--- PROVIDED DATA ---

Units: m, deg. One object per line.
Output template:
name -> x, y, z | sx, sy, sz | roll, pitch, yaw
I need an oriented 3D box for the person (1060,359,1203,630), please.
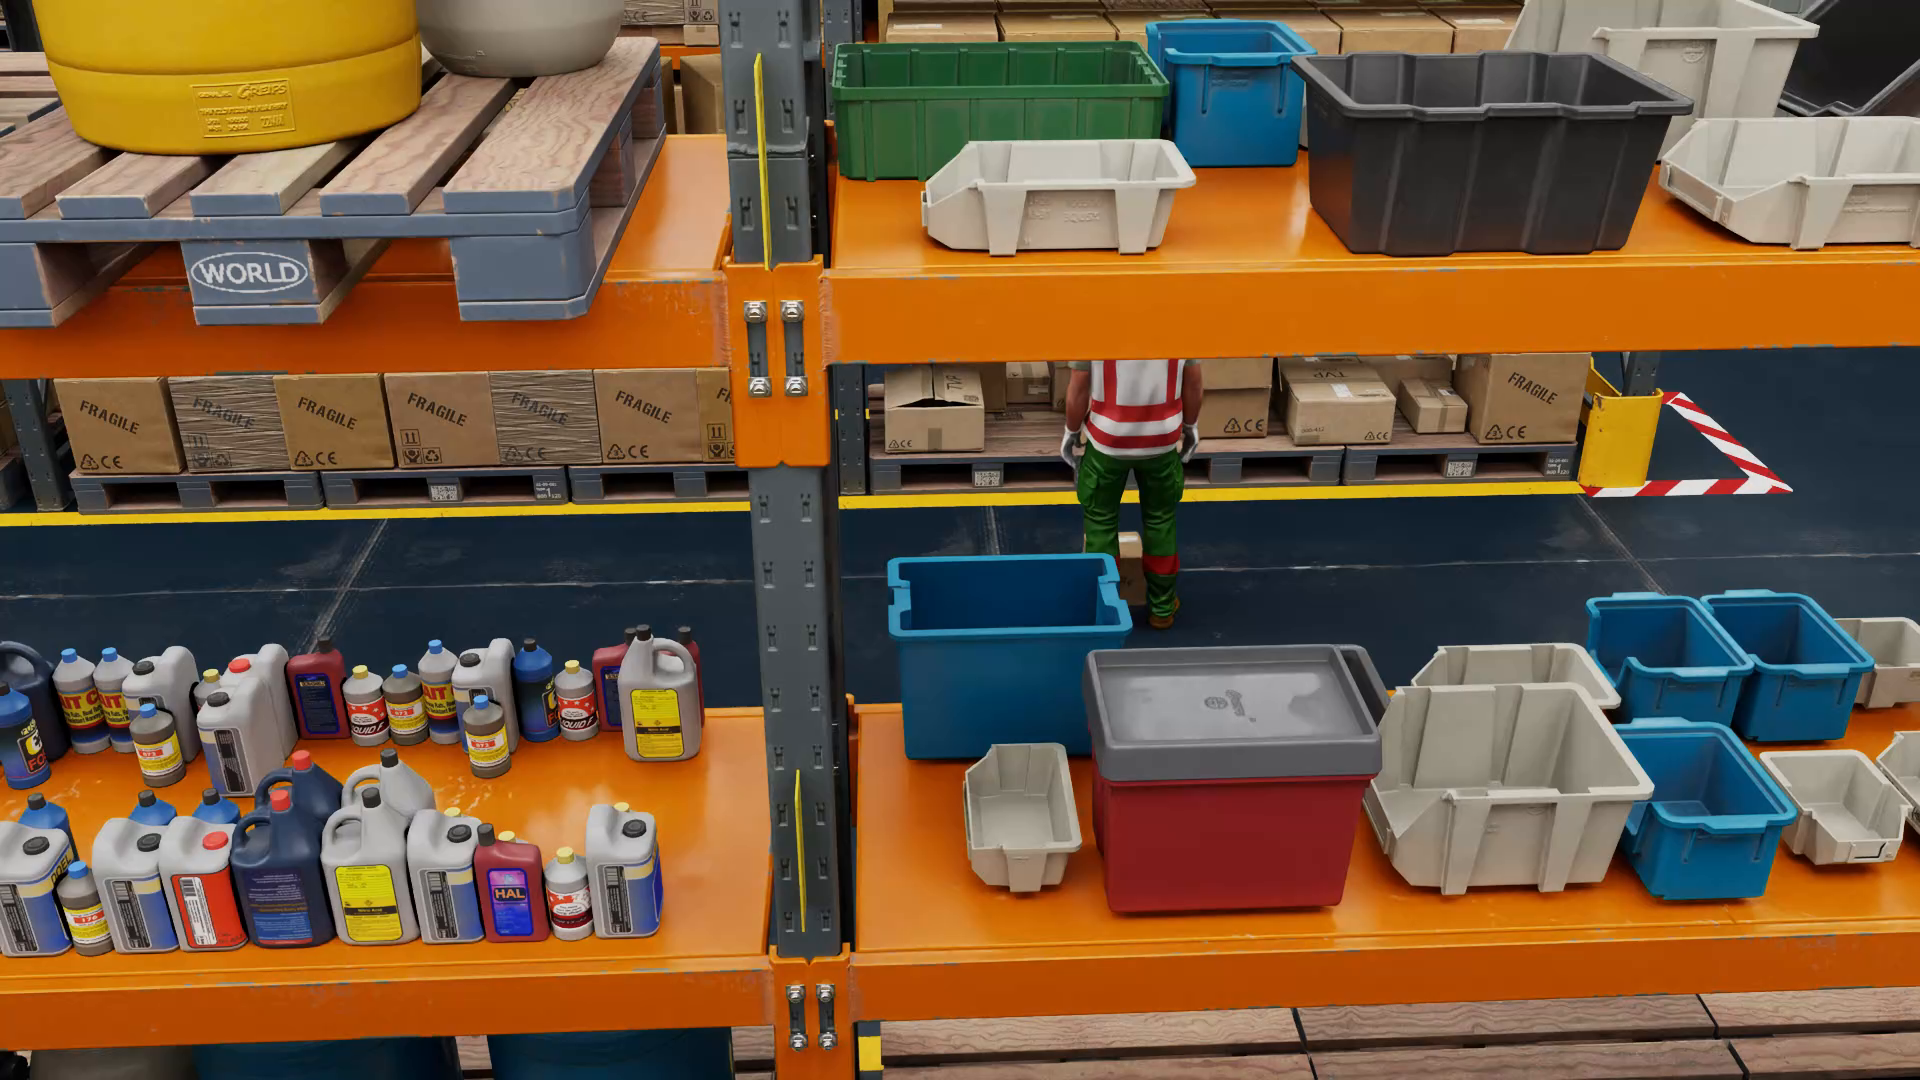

---

**TRY IT**.
The complete listing must be transcribed verbatim, and all pictures are to be omitted.

**ANSWER TO THE EXERCISE**.
Units: m, deg. One object per line.
Output template:
name -> x, y, z | sx, sy, sz | roll, pitch, yaw
I need an oriented 3D box for the person (1060,359,1203,630), please.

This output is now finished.